- [Problem description] Write out the following listing's lines from the one with "Give a very brief answer. 5." to the one with "Give a very brief answer. %", exactly, with both included and no others.

- [Records provided]

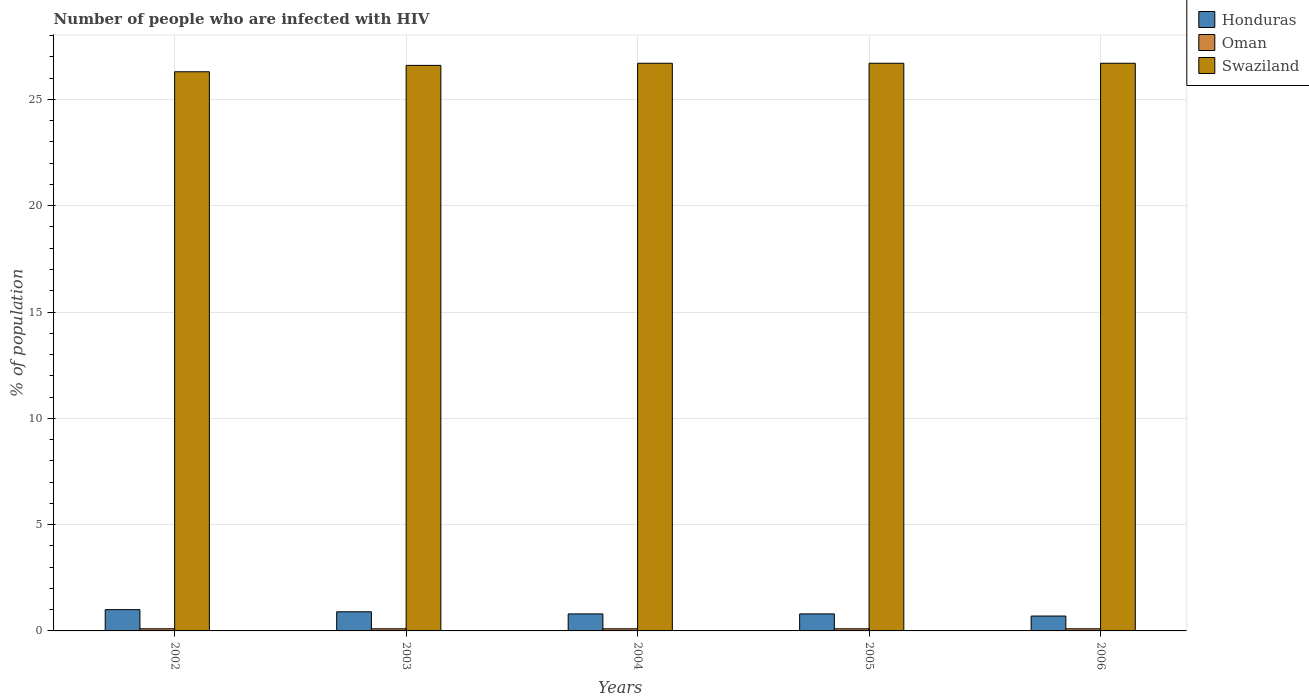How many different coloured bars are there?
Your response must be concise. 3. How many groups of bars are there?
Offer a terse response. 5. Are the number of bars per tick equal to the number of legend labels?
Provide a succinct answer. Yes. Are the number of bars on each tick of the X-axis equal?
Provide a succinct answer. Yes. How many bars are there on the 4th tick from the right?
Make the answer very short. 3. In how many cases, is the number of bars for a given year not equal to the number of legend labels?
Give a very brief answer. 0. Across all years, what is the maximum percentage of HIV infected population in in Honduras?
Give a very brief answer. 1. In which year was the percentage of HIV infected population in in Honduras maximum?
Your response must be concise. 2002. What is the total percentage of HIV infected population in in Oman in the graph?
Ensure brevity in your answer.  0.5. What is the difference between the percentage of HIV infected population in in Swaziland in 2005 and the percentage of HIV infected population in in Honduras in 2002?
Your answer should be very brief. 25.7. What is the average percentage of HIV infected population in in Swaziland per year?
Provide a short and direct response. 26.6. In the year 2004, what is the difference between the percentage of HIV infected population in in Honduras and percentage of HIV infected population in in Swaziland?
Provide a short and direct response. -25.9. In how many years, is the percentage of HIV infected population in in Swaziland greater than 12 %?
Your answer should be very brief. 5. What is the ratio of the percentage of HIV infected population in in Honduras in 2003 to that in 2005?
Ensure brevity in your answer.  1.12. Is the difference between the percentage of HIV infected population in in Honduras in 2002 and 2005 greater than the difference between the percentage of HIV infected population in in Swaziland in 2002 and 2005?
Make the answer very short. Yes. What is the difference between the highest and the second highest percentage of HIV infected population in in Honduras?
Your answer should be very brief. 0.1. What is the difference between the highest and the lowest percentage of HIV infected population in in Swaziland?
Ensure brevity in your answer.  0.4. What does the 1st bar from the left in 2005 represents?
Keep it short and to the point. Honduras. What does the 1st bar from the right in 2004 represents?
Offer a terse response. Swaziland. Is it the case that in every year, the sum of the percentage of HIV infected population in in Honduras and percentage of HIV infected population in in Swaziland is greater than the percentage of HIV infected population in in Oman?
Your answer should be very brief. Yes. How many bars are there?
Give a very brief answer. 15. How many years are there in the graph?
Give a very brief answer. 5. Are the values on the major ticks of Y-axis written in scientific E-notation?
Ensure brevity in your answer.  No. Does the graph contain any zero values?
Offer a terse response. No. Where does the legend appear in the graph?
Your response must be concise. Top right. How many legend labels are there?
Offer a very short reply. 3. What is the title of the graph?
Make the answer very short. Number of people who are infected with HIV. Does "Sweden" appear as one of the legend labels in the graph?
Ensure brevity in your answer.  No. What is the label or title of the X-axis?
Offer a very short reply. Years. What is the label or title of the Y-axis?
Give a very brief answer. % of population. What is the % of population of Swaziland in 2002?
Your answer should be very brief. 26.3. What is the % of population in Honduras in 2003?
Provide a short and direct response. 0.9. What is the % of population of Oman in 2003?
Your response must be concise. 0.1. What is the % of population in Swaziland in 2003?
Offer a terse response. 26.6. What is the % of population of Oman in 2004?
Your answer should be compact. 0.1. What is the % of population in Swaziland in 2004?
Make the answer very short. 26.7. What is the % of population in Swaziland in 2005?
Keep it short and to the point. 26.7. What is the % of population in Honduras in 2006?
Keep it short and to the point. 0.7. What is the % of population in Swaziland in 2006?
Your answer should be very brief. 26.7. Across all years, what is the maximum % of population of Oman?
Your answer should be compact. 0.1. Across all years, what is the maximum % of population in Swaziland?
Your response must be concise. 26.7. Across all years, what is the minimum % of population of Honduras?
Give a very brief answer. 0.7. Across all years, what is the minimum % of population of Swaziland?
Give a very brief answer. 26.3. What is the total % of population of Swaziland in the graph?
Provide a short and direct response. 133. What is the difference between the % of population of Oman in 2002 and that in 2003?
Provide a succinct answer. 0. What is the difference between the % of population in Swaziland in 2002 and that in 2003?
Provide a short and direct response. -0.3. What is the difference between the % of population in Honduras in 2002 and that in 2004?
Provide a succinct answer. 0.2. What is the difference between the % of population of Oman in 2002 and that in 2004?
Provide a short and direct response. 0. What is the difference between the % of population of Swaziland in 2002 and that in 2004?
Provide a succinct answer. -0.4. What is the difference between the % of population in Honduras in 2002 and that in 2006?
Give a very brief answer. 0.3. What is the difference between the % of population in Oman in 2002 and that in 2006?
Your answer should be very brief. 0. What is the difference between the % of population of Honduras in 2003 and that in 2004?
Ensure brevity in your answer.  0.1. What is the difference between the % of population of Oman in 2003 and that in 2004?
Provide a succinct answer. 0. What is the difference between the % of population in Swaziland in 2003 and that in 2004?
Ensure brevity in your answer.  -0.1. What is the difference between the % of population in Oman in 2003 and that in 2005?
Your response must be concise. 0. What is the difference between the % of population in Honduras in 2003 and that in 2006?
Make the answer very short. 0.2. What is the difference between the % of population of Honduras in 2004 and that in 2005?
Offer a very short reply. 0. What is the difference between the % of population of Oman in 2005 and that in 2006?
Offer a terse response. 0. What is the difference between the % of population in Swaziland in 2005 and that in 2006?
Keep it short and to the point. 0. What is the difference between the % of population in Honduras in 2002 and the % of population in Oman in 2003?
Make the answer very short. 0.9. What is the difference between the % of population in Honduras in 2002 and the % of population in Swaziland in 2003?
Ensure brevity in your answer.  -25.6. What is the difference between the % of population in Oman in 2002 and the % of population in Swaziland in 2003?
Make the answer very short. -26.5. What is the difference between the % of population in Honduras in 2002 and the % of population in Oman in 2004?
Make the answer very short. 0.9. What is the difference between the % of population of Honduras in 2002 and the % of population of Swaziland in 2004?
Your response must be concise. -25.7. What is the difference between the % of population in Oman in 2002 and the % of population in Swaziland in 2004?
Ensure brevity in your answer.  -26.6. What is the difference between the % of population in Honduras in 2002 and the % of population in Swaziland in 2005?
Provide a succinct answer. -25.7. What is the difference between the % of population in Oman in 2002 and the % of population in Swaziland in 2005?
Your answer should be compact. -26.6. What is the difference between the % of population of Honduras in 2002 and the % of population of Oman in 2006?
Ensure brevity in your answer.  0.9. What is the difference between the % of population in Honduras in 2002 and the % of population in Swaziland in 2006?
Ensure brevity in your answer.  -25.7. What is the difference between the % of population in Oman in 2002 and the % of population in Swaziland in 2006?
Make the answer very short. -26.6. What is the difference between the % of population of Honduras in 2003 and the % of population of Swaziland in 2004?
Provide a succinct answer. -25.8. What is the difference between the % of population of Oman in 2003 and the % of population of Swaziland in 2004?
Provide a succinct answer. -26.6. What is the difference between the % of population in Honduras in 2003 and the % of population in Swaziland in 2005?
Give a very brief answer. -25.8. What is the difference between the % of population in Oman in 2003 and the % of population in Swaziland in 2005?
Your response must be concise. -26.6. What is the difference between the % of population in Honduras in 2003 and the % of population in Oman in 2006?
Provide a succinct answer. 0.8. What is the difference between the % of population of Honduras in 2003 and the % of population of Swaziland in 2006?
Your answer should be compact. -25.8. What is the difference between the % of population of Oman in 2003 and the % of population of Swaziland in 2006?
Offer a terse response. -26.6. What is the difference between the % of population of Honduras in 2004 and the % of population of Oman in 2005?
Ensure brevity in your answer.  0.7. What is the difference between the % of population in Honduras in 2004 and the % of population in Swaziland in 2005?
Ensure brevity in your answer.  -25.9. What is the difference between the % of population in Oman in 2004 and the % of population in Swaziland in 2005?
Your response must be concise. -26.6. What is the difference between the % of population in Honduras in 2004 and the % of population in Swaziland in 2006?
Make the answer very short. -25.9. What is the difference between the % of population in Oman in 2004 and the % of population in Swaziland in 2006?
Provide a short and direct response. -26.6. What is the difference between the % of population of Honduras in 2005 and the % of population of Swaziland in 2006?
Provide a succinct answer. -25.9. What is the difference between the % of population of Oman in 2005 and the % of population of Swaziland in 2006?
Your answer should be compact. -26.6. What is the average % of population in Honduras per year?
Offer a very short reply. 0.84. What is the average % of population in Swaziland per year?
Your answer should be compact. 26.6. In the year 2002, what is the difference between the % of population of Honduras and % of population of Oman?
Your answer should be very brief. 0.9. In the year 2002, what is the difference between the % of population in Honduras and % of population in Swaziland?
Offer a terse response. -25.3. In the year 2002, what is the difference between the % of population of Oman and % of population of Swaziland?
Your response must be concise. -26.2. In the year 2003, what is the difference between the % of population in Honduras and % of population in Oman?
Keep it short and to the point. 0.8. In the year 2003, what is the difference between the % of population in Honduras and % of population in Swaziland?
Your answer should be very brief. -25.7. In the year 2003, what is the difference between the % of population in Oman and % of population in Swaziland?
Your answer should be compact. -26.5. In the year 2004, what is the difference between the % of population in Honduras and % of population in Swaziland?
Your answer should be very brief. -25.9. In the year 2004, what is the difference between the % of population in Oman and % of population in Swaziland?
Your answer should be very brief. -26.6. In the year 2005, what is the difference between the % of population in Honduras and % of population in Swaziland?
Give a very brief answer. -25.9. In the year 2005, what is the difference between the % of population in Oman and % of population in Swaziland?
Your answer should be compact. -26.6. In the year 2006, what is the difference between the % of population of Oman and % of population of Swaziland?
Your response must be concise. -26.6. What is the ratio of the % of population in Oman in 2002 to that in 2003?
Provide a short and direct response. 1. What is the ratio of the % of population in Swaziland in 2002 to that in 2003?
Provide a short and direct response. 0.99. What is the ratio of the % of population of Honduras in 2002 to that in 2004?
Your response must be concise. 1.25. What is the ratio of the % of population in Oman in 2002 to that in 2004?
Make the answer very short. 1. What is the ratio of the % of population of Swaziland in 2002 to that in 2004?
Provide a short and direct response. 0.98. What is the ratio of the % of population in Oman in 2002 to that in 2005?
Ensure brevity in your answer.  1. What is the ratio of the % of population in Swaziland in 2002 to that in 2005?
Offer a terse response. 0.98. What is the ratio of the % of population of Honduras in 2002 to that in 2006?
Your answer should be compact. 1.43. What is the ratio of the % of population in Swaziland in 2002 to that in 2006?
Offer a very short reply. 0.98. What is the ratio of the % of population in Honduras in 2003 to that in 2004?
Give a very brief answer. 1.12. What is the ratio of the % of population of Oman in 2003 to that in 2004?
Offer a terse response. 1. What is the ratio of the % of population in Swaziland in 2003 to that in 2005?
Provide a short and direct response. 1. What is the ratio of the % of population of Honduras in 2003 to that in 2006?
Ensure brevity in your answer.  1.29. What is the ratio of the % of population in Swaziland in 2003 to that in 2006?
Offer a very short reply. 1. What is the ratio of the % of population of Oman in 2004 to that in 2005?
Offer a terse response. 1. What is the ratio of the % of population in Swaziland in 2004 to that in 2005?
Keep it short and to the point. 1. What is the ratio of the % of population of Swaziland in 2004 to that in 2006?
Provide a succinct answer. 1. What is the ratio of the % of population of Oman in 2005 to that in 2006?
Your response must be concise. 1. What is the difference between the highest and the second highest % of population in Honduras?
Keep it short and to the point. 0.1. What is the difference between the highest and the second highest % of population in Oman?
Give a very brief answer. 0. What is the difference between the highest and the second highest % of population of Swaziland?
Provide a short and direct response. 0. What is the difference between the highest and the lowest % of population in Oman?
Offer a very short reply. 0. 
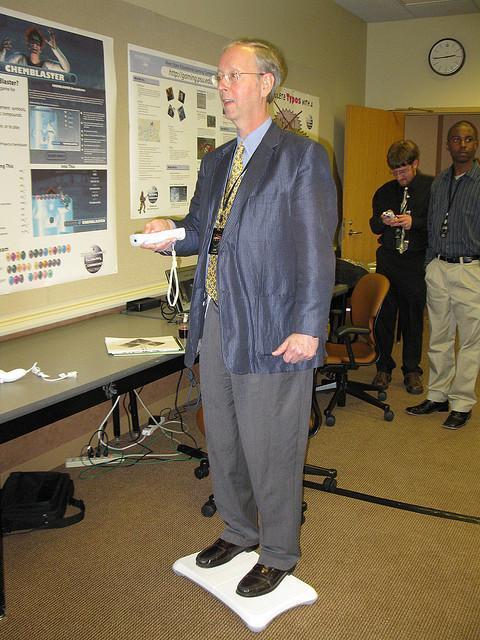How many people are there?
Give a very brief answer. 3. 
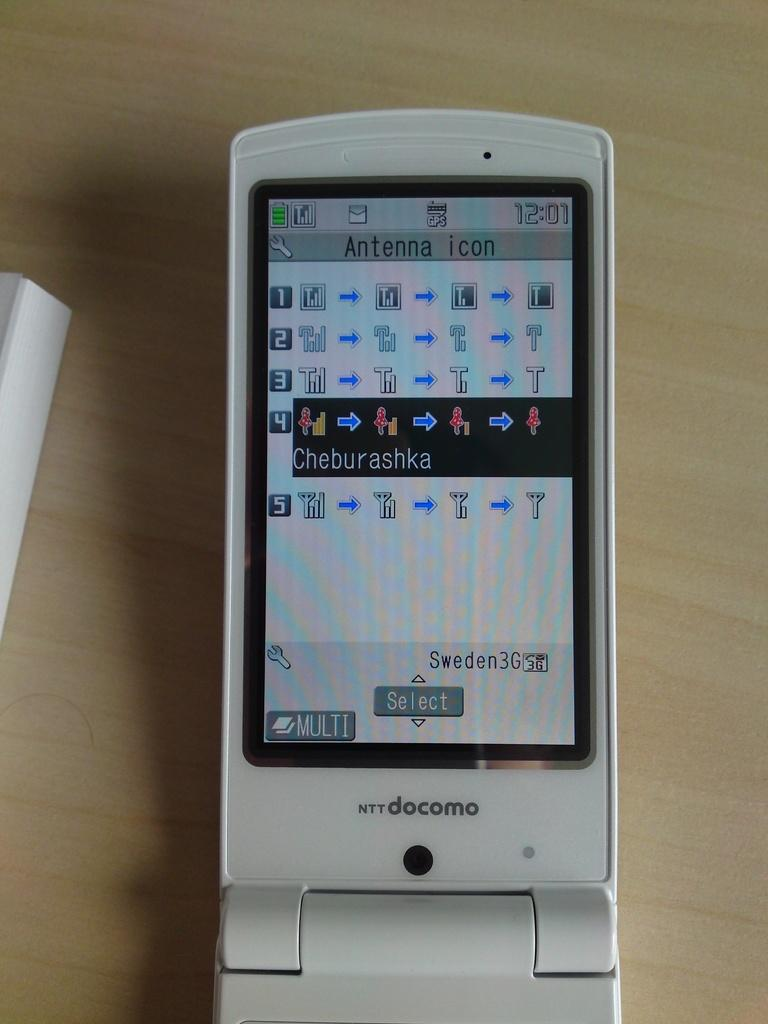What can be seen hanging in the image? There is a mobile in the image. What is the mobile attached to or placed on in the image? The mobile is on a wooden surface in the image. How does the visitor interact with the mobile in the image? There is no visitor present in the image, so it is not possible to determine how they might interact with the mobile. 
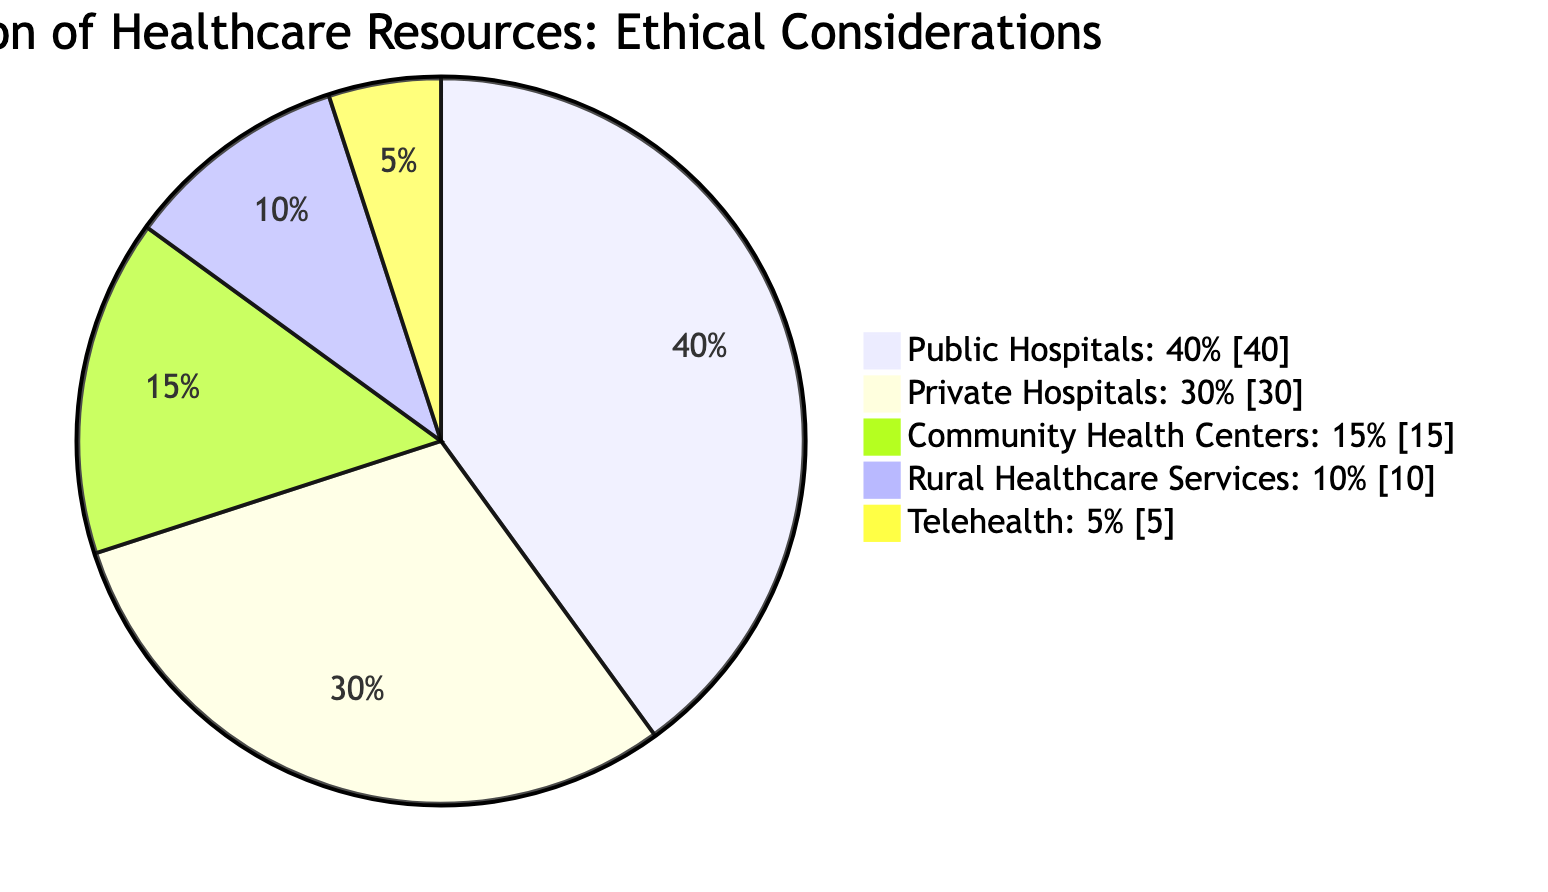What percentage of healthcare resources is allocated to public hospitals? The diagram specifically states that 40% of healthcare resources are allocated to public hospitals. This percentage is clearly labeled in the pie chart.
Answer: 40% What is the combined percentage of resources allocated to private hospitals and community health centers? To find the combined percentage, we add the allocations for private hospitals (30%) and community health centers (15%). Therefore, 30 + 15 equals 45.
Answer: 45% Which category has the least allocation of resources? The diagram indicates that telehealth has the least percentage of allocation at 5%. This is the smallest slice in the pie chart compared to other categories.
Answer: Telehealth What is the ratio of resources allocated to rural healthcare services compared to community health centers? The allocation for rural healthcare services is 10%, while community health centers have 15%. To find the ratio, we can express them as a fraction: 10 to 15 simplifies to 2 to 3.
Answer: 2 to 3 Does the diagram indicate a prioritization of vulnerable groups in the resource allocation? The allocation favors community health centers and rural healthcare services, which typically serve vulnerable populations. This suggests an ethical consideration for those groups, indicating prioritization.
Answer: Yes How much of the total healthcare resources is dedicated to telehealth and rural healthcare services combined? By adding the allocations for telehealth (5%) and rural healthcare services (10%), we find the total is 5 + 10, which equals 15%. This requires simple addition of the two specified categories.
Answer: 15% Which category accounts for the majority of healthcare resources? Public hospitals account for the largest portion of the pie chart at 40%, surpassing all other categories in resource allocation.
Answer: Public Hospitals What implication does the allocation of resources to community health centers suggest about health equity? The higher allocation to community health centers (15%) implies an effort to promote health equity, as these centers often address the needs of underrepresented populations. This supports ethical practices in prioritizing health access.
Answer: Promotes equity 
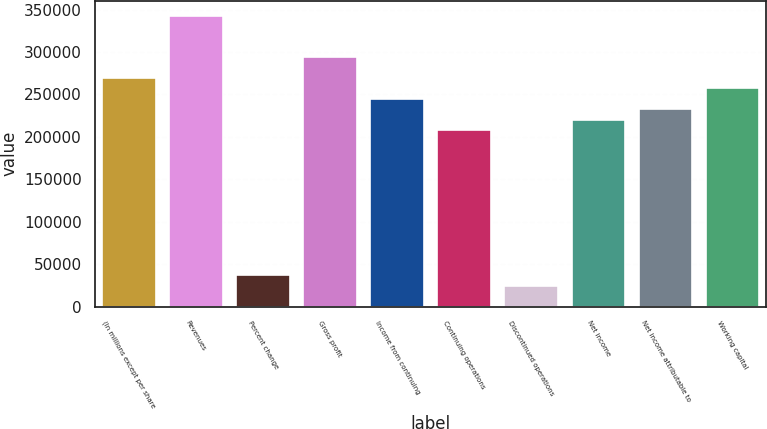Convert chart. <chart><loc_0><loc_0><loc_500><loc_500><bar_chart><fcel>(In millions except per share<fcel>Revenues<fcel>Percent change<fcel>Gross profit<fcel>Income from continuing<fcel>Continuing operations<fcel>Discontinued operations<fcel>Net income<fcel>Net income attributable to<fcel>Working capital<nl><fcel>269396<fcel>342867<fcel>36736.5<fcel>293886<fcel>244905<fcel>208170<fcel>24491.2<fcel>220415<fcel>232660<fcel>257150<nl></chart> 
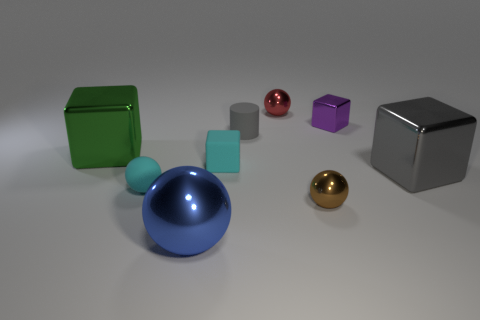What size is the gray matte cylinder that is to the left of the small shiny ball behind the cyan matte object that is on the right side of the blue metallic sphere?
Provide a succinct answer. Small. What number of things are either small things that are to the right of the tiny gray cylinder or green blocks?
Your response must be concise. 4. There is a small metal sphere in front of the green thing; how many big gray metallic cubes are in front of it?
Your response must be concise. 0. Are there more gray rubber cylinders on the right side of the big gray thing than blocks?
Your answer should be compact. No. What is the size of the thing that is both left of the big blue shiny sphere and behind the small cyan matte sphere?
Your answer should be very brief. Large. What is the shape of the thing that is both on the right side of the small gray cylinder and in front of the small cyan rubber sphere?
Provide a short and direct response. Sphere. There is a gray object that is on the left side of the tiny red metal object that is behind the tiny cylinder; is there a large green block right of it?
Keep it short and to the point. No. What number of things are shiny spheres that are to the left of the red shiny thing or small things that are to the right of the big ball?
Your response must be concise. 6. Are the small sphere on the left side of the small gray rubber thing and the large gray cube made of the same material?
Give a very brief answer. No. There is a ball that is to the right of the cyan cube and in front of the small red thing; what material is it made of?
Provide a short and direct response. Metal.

- [Result of this exercise]
Give a very brief answer. 5. Are the values on the major ticks of Y-axis written in scientific E-notation?
Ensure brevity in your answer.  No. Does the graph contain any zero values?
Offer a terse response. No. Where does the legend appear in the graph?
Your response must be concise. Top right. How many legend labels are there?
Offer a very short reply. 3. What is the title of the graph?
Make the answer very short. Number of people who are infected with HIV. Does "Sweden" appear as one of the legend labels in the graph?
Ensure brevity in your answer.  No. What is the label or title of the X-axis?
Offer a very short reply. Years. What is the label or title of the Y-axis?
Give a very brief answer. % of population. What is the % of population of Swaziland in 2002?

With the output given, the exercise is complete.